Conclusion: Japan on the World’s Stage
The new Japanese nationalistic spirit would first manifest in violence at the close of the 19th century. The era would be marked by a series of military victories that would manifest Japan’s new historical vision of itself. The First Sino-Japanese War of 1894-1895 revealed the success of Japanese modernization efforts, in sharp contrast to the failures of the Chinese Qing Dynasty’s similar drive towards modernity. That dynasty, which had ruled for as long as the Tokugawa, would collapse in the following decade, leaving China, the once great hegemon of Asia, fragmented for years to come. Japan stepped into that void by colonizing Korea, Taiwan (then Formosa), Manchuria, and, eventually, the majority of Western colonial holdings in East and Southeast Asia. The first of these colonial powers to fall to Japan would be Russia.

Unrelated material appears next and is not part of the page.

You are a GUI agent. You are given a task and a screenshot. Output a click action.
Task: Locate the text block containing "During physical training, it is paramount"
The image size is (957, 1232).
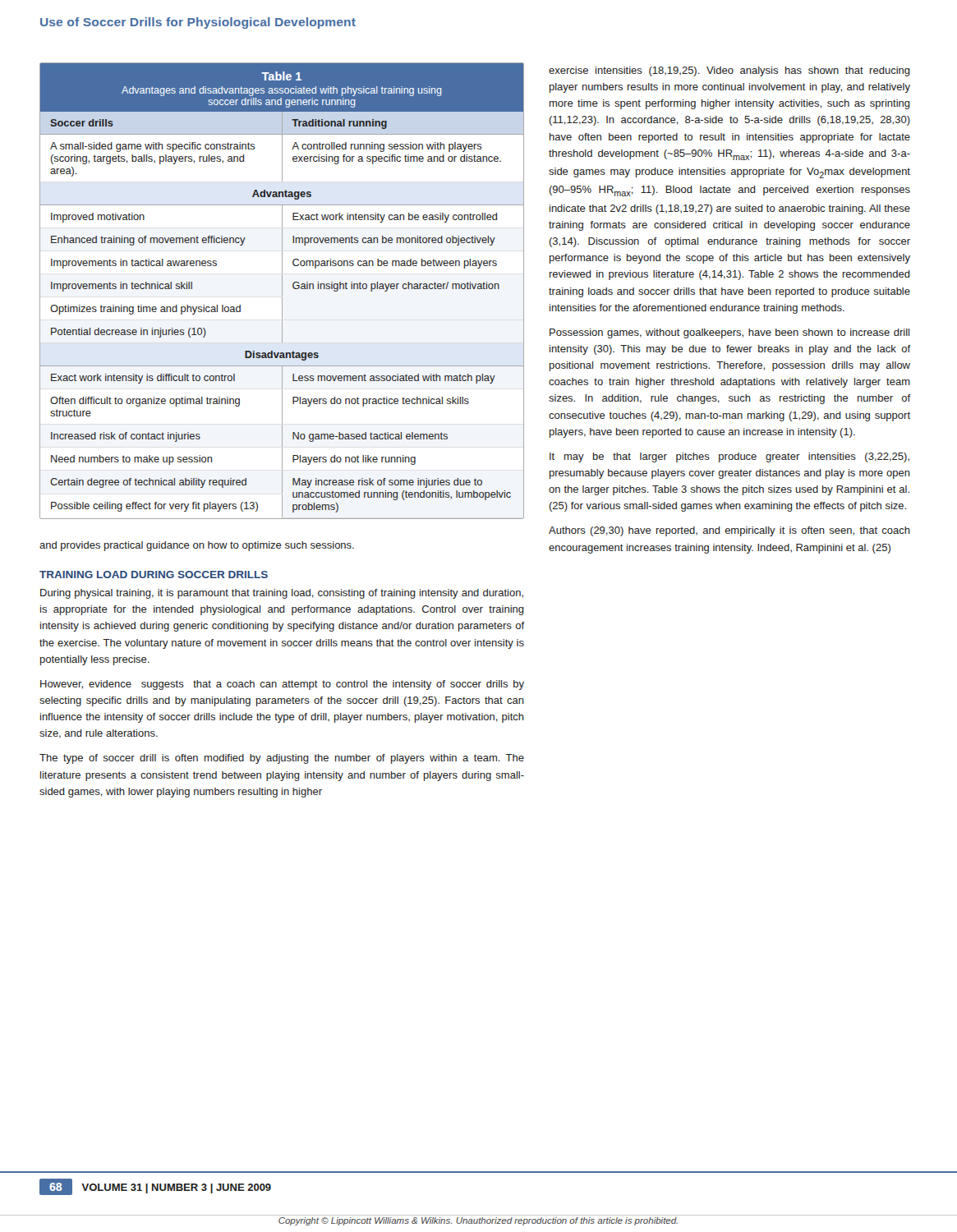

The Russian defeat at the hands of the Japanese in 1905 exposed not only their own weaknesses, but the failing grip of European colonialism. Japan not only took Western technology, but 19th century Western ideas of national identity, born out of historiographical concepts, and formed a new order in the East.
Bibliography
Borton, Hugh. “A Survey of Japanese Historiography.” In The American Historical Review Vol. 43, No. 3: 489-499. https://www.jstor.org/stable/1865611
Fukuzawa, Yukichi. An Outline of a Theory of Civilization. Translated by David A. Dilworth and G. Cameron Hurst. Tokyo: Sophia University, 1973.
Jansen, Marius B. The Making of Modern Japan. Cambridge: Belknap Press, 2000.
Karlin, Jason G. Gender and Nation in Meiji Japan: Modernity, Loss, and the Doing of History. Honolulu: University of Hawaii Press, 2014.
Mehl, Margaret. “German Influence on Historical Scholarship in Meiji Japan.” In Japanese Civilization in the Modern World No. 16: 225–246.
Popkin, Jeremy D. “The 19th Century and the Rise of Academic Scholarship.” In From Herodotus to H-Net: The Story of Historiography. New York: Oxford University Press, 2016.